Il suo matrimonio fu da favola, ripreso da tutti i rotocalchi. Compare di nozze naturalmente Achille Lauro, splendida la cornice: la superba chiesa di San Francesco di Paola.Una folla simile a Napoli non si vedeva dalle nozze di Umberto di Savoia con Maria Josè.
I compagni si affrettavano a passargli la palla e la folla entusiasta lo accompagnava con il suo urlo fin sotto la rete avversaria. Molte partite sono rimaste memorabili per i suoi goal e le sue azioni irresistibili, che facevano esaltare i tifosi, i quali durante la settimana amavano rievocare le gesta del loro beniamino.
Purtroppo la coesistenza con Jeppson, che avrebbe potuto regalare al Napoli il primo scudetto,si rivelò impossibile. Erano due giocatori straordinari, ma di temperamento e di scuola agli antipodi:freddo e calcolatore lo svedese, esuberante e pieno di vitalità il brasiliano. Ai differenti caratteri si associava poi la diversità linguistica, che produceva spesso equivoci.
Erano gli anni delle frequenti invasioni di campo da parte di tifosi esasperati dalle decisioni arbitrali,che provocavano alla squadra pesanti squalifiche,rese ancora più severe perché Lauro,per invidia ed ostilità politica, non godeva di simpatia presso gli organi federali. Dopo un'ennesima pesante squalifica lo stadio del Vomero fu dotato di un'ampia recinzione, che lo faceva tristemente somigliare ad una gabbia di leoni o ad un moderno Colosseo,animato dalle gesta di moderni gladiatori in lotta per la conquista della palla.
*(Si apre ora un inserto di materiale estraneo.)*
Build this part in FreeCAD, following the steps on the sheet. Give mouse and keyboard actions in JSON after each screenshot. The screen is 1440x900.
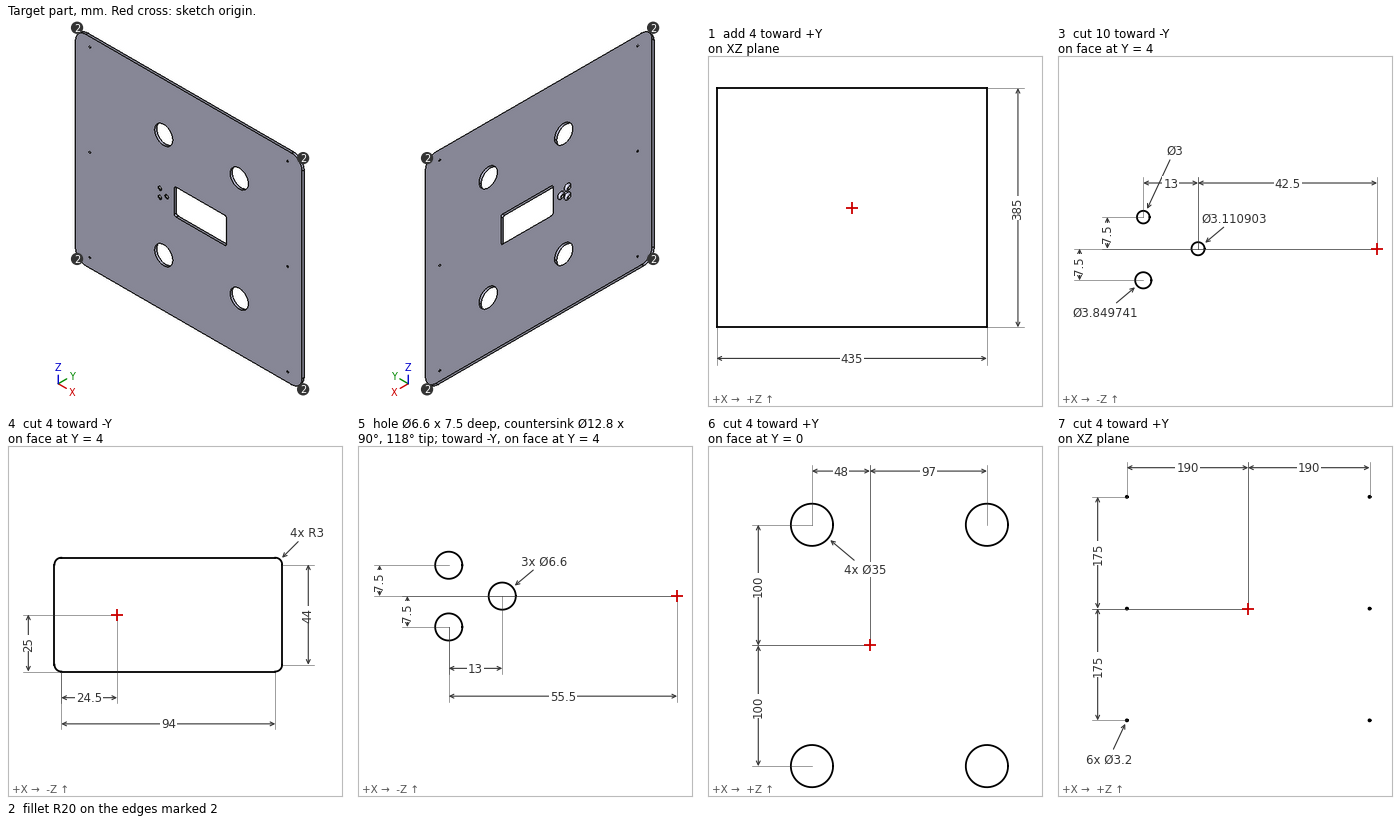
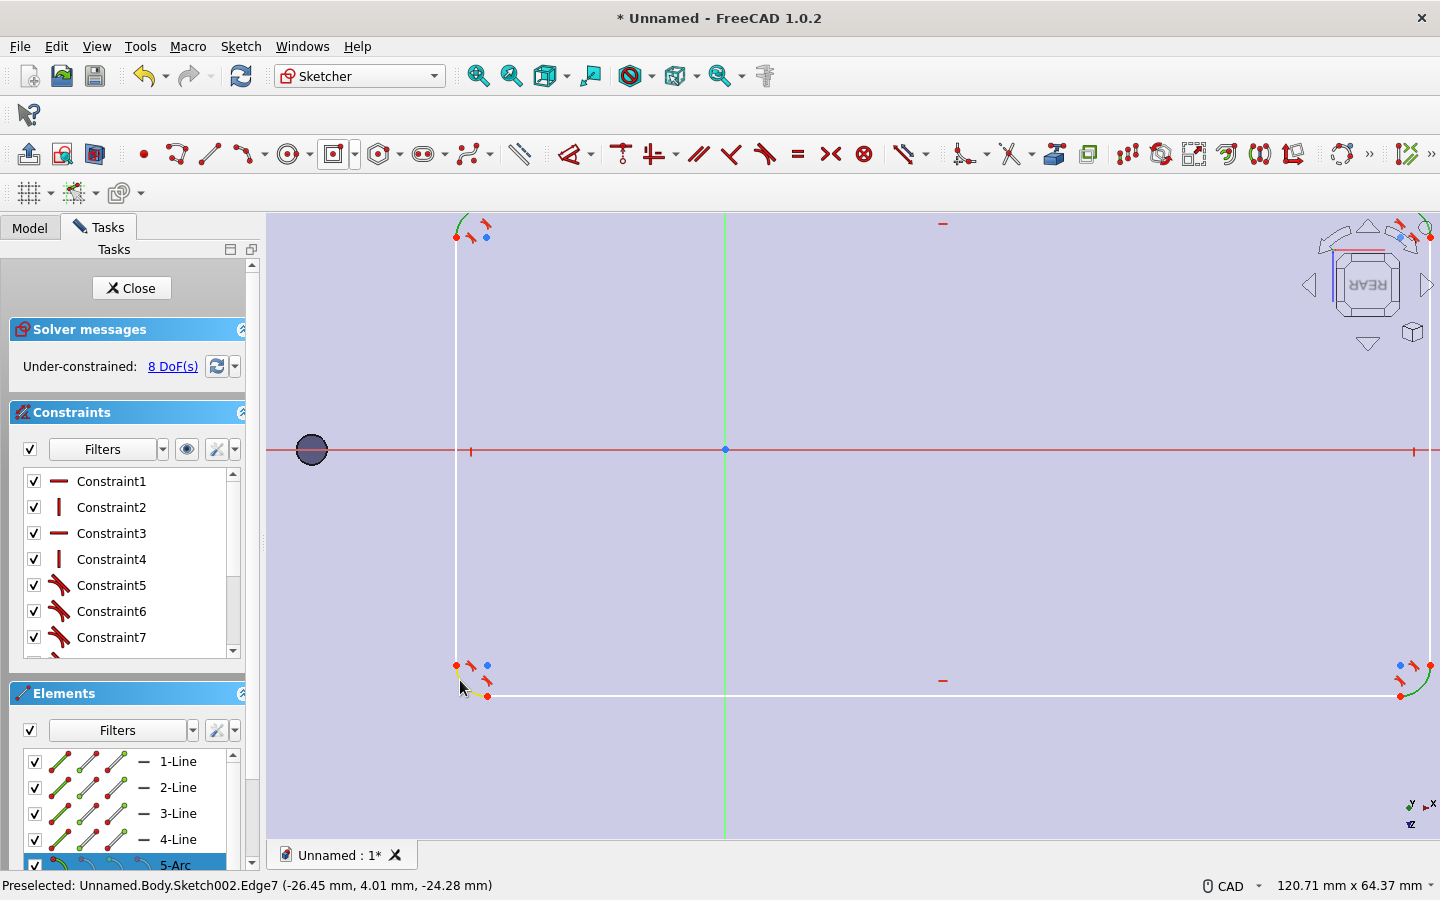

Oggi vive a Napoli, in Via Manzoni a poche centinaia di metri da quello che per 40 anni fu il mio studio ginecologico. Ebbi nodo di conoscerlo ed intervistarlo quando scrivevo ogni giorno l’articolo di fondo sul quotidiano: “Il Denaro”. Il succo della lunga chiacchierata fu che egli aveva deciso di vivere a Napoli, perché gli ricordava il sole dei Belo Horizonte e qui aveva passato il miglior periodo della sua vita, a contatto con un pubblico appassionato e riconoscente.